The Ombudsman wrote to ACC notifying it of his intention to investigate whether ACC had failed to:
pay attendant care since the medical misadventure occurred in 1983;
advise the family of their entitlements to attendant care and reimbursement for various expenses they had incurred to give the claimant appropriate care;
give an adequate explanation as to why payments for attendant care and other expenses were not made;
acknowledge the need for 100 percent attendant care which ultimately led to the decision to decline the claim for compensation under section 80(3) of the AC Act 1982; and
give sufficient information to enable the family to ascertain if the claimant had received all his periodical entitlements.
The Ombudsman sought confirmation as to whether ACC, in accordance with the assurance already given to the family, would now pay the backdated attendant care compensation to the date of the misadventure in 1983.

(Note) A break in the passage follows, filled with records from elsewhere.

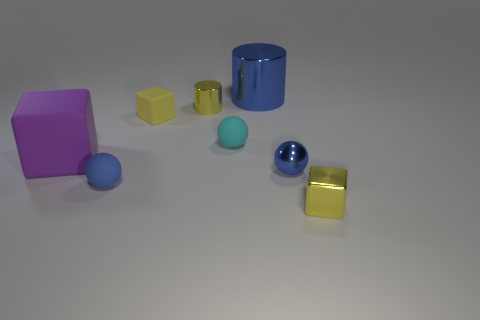What is the material of the big thing that is the same color as the metal ball?
Make the answer very short. Metal. What color is the cube that is the same material as the large blue thing?
Your response must be concise. Yellow. Are there any other things that have the same size as the purple object?
Your answer should be compact. Yes. There is a small matte sphere behind the big cube; is its color the same as the tiny matte sphere left of the small cyan matte thing?
Your response must be concise. No. Are there more blue matte spheres behind the small yellow metal block than tiny metal balls in front of the blue rubber ball?
Ensure brevity in your answer.  Yes. The other tiny rubber thing that is the same shape as the blue rubber thing is what color?
Ensure brevity in your answer.  Cyan. Is there any other thing that has the same shape as the purple matte object?
Your answer should be very brief. Yes. Is the shape of the small cyan object the same as the large object in front of the big blue object?
Give a very brief answer. No. What number of other objects are the same material as the purple cube?
Provide a short and direct response. 3. There is a tiny metal block; is its color the same as the small metal cylinder that is right of the yellow rubber cube?
Your answer should be very brief. Yes.

In response, ACC advised that to qualify for backdated attendant care payment a claimant must meet the strict requirements of section 121(3) of the Accident Compensation Act 1972 or section 80(3) of the Accident Compensation Act 1982. The claimant must be shown to require ‘constant personal attention’. The High Court had interpreted this as meaning that a person needs care of a personal nature 24 hours per day. ACC said that, after a careful review of the medical and other information held by ACC, it did not believe that the claimant, although very seriously injured, met this threshold of requiring constant personal attention. As a result, the initial claim made on his behalf was declined. However, the review of this decision saw it overturned and ACC accepted the subsequent recommendation that payment for compensation for attendant care be made from the date of the claimant’s discharge from hospital until the present. Part of the recommendation was that ACC enter into negotiations with the family to reach agreement about the amount of compensation to be awarded to the claimant in accordance with section 80(3) of the 1982 Act. ACC said it was finalising preparations to enter into those discussions with the claimant’s family. It accepted that the process had taken longer than necessary but it anticipated that it would be ready to begin negotiations about the nature of any settlement shortly.
The Ombudsman acknowledged this and asked that he be kept informed as to developments so that he could ensure that the family’s complaints were being appropriately considered by ACC.
Six weeks later the family confirmed that ACC had been in contact on several occasions and that they had been provided with a detailed calculation of backdated payment for the period from October 1983 to November 2002. This was to be paid to the claimant’s property manager once one was appointed under the Protection of Personal and Property Rights Act 1988.
ACC provided the Ombudsman with a supplementary report on the developments and payment of the backdated attendant care. The Ombudsman was satisfied that no further action on his part was required and he discontinued his investigation.
This case note is published under the authority of the Ombudsmen Rules 1989. It sets out an Ombudsman’s view on the facts of a particular case. It should not be taken as establishing any legal precedent that would bind an Ombudsman in future.